Our approach is based on fitting a mechanistic model of SARS-CoV-2 spread to multiple sources of surveillance data. 
A more fleshed out method description is in the [manuscript](https://arxiv.org/abs/2009.02654). 

### Model inputs
Our method takes three time series as input: daily new tests, case counts, and deaths. However, we find daily resolution to be too noisy due to delay in testing reports, weekend effect, etc. So we aggregated/binned the three types of counts in 3 day intervals. These aggregated time series are shown below.
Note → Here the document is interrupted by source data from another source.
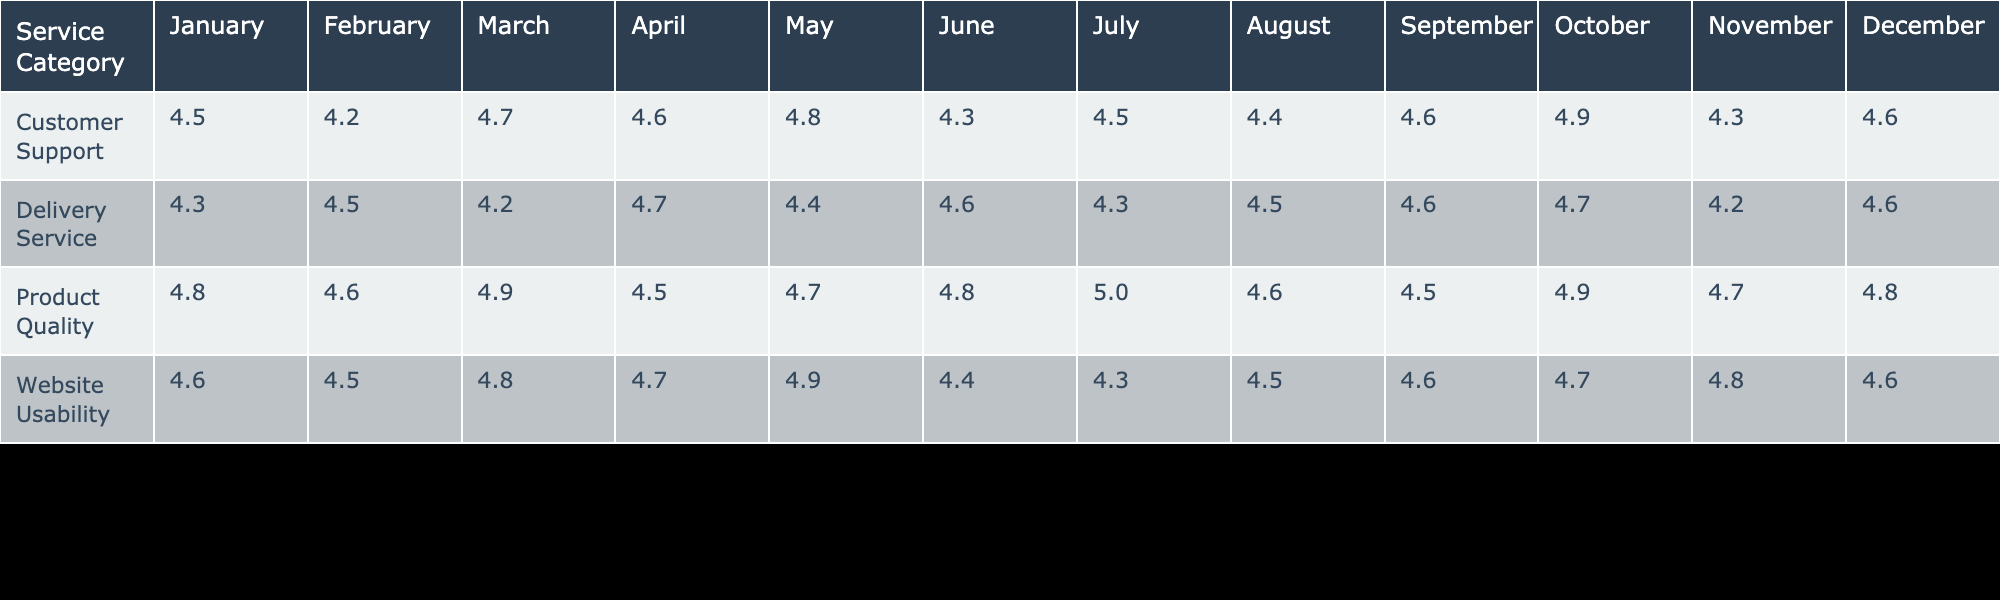What is the highest feedback rating for Product Quality? The maximum rating for Product Quality can be found by comparing the values across all months listed for that service category. Looking through the table, the highest value for Product Quality appears in July with a rating of 5.0.
Answer: 5.0 What is the average feedback rating for Customer Support in the summer months (June, July, August)? To find the average for Customer Support in summer, we take the ratings for June (4.3), July (4.5), and August (4.4). The sum is (4.3 + 4.5 + 4.4) = 13.2, and there are 3 months, resulting in an average of 13.2/3 = 4.4.
Answer: 4.4 Did the Delivery Service receive a rating higher than 4.5 in any month? By checking each month for Delivery Service, we observe that the ratings in October (4.7) is greater than 4.5. Thus, yes, it did receive a higher rating in that month.
Answer: Yes What is the feedback rating trend for Website Usability from January to December? Analyzing the values of Website Usability across months reveals fluctuations. January is 4.6, February is 4.5, March is 4.8, reaching a peak of 4.9 in May, followed by a decline to 4.3 in July, then recovering to 4.6 in December. The trend shows variability throughout the year.
Answer: Variable trend Which service category had the lowest average rating across the year? The average ratings for each category are computed by adding their monthly ratings and dividing by 12. The sums are Customer Support: 4.54, Product Quality: 4.68, Delivery Service: 4.49, Website Usability: 4.55. Delivery Service has the lowest average at 4.49.
Answer: Delivery Service Which month had the highest rating overall across all service categories? The highest rating among all categories in each month needs to be compared. January's highest is 4.8 (Product Quality), while in April it's 4.7 (Delivery Service) and in July, Product Quality peaks at 5.0. The highest overall across all months is July at 5.0.
Answer: July Is the feedback rating for Delivery Service consistent throughout the year? To determine consistency, we look at the variation in ratings each month. The ratings are 4.3, 4.5, 4.2, 4.7, 4.4, 4.6, 4.3, 4.5, 4.6, 4.7, 4.2, 4.6. Noticing the ups and downs shows significant fluctuations, indicating it is not consistent.
Answer: No What is the difference in the average ratings between Product Quality and Delivery Service? For Product Quality, the sum of ratings is 56.4 (average 4.68) and for Delivery Service, it is 53.9 (average 4.49). The difference is 4.68 - 4.49 = 0.19, indicating that Product Quality is higher on average.
Answer: 0.19 Which service category had the most stable ratings, based on the least variation? To find the most stable category, we need to calculate the standard deviation or observe the range of ratings per category. Product Quality shows the least fluctuation in its monthly ratings compared to the others, indicating it's the most stable.
Answer: Product Quality

```{r model-inputs, cache=TRUE}
multi_chain_stem_fit$data %>% 
  dplyr::select(-start_date, -time) %>% 
  pivot_longer(-end_date) %>% 
  mutate(name = str_to_title(name)) %>% 
  mutate(name = fct_relevel(name, c("Tests", "Cases", "Deaths"))) %>% 
  ggplot(aes(end_date, value)) +
  geom_line(size=1) +
  geom_point(size=3) +
  facet_wrap(. ~ name, scales = "free_y") +
  xlab("Date") +
  ylab("Count") +
  scale_y_continuous(labels = comma) + 
  ggtitle("Orange County, CA data", subtitle = "Counts binned into 3 day periods") +
  scale_x_date(breaks=c("10 day"), date_labels = "%b %d", ) +
  theme(strip.text = element_text(size = 20))
```

### Model structure
We assume that all individuals in Orange County, CA can be split into 6 compartments: S = susceptible individuals, E = infected, but not yet infectious individuals, $\text{I}_\text{e}$ = individuals at early stages of infection, $\text{I}_\text{p}$ = individuals at progressed stages of infection (assumed 20% less infectious than individuals at the early infection stage), R = recovered individuals, D = individuals who died due to COVID-19. Possible progressions of an individual through the above compartments are depicted in the diagram below.  
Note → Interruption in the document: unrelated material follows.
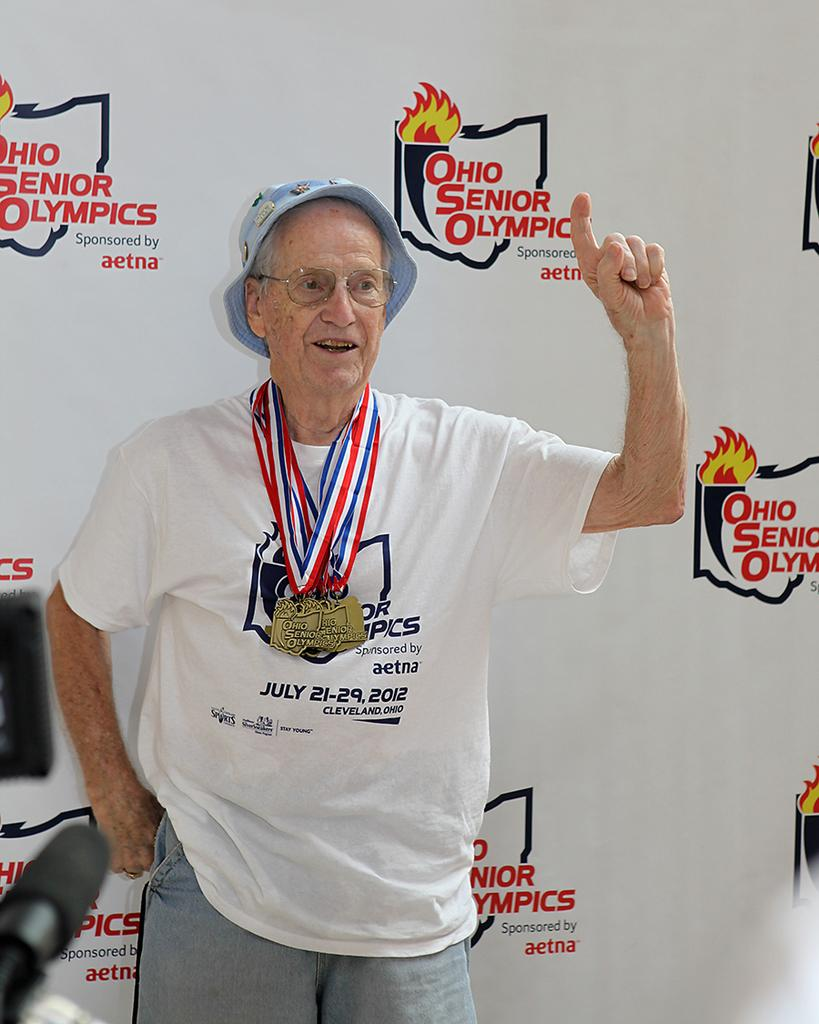Provide a one-sentence caption for the provided image. Old man wearing a shirt that has the month of July on it.

```{r Model Structure, out.width = "60%"}
knitr::include_graphics("assets/model_figure.svg", error=FALSE)
```

Mathematically, we assume that dynamics of the proportions of individuals in each compartment follow a set of ordinary differential equations corresponding to the above diagram. These equations are controlled by the following parameters: 

- Basic reproductive number ($R_0$)
- mean duration of the latent period
- mean duration of the early infection period
- mean duration of the progressed infection period
- probability of transitioning from progressed infection to death, rather than to recovery (i.e., IFR)
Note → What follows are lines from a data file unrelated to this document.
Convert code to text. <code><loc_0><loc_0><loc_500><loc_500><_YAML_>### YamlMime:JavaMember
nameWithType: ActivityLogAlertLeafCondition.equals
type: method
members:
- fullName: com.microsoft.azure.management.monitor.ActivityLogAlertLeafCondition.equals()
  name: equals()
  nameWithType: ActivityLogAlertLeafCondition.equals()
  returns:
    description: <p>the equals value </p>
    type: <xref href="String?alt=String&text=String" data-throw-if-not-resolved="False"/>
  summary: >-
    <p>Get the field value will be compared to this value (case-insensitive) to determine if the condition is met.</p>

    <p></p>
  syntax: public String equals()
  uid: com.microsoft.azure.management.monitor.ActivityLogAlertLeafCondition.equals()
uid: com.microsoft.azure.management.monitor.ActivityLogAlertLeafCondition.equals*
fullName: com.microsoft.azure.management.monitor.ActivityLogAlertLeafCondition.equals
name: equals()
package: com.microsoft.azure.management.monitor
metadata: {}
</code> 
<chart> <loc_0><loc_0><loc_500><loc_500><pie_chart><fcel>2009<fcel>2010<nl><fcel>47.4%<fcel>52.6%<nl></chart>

We fit this model to data by assuming that case counts are noisy realizations of the actual number of individuals progressing from $\text{I}_\text{e}$ compartment to $\text{I}_\text{p}$ compartment. 
Similarly we assume that observed deaths are noisy realizations of the actual number of individuals progressing from $\text{I}_\text{p}$ compartment to $\text{D}$ compartment. 
*A priori*, we assume that death counts are significantly less noisy than case counts.
We use a Bayesian estimation framework, which means that all estimated quantities receive credible intervals (e.g., 80% or 95% credible intervals). 
Width of these credible intervals encode the amount of uncertainty that we have in the estimated quantities.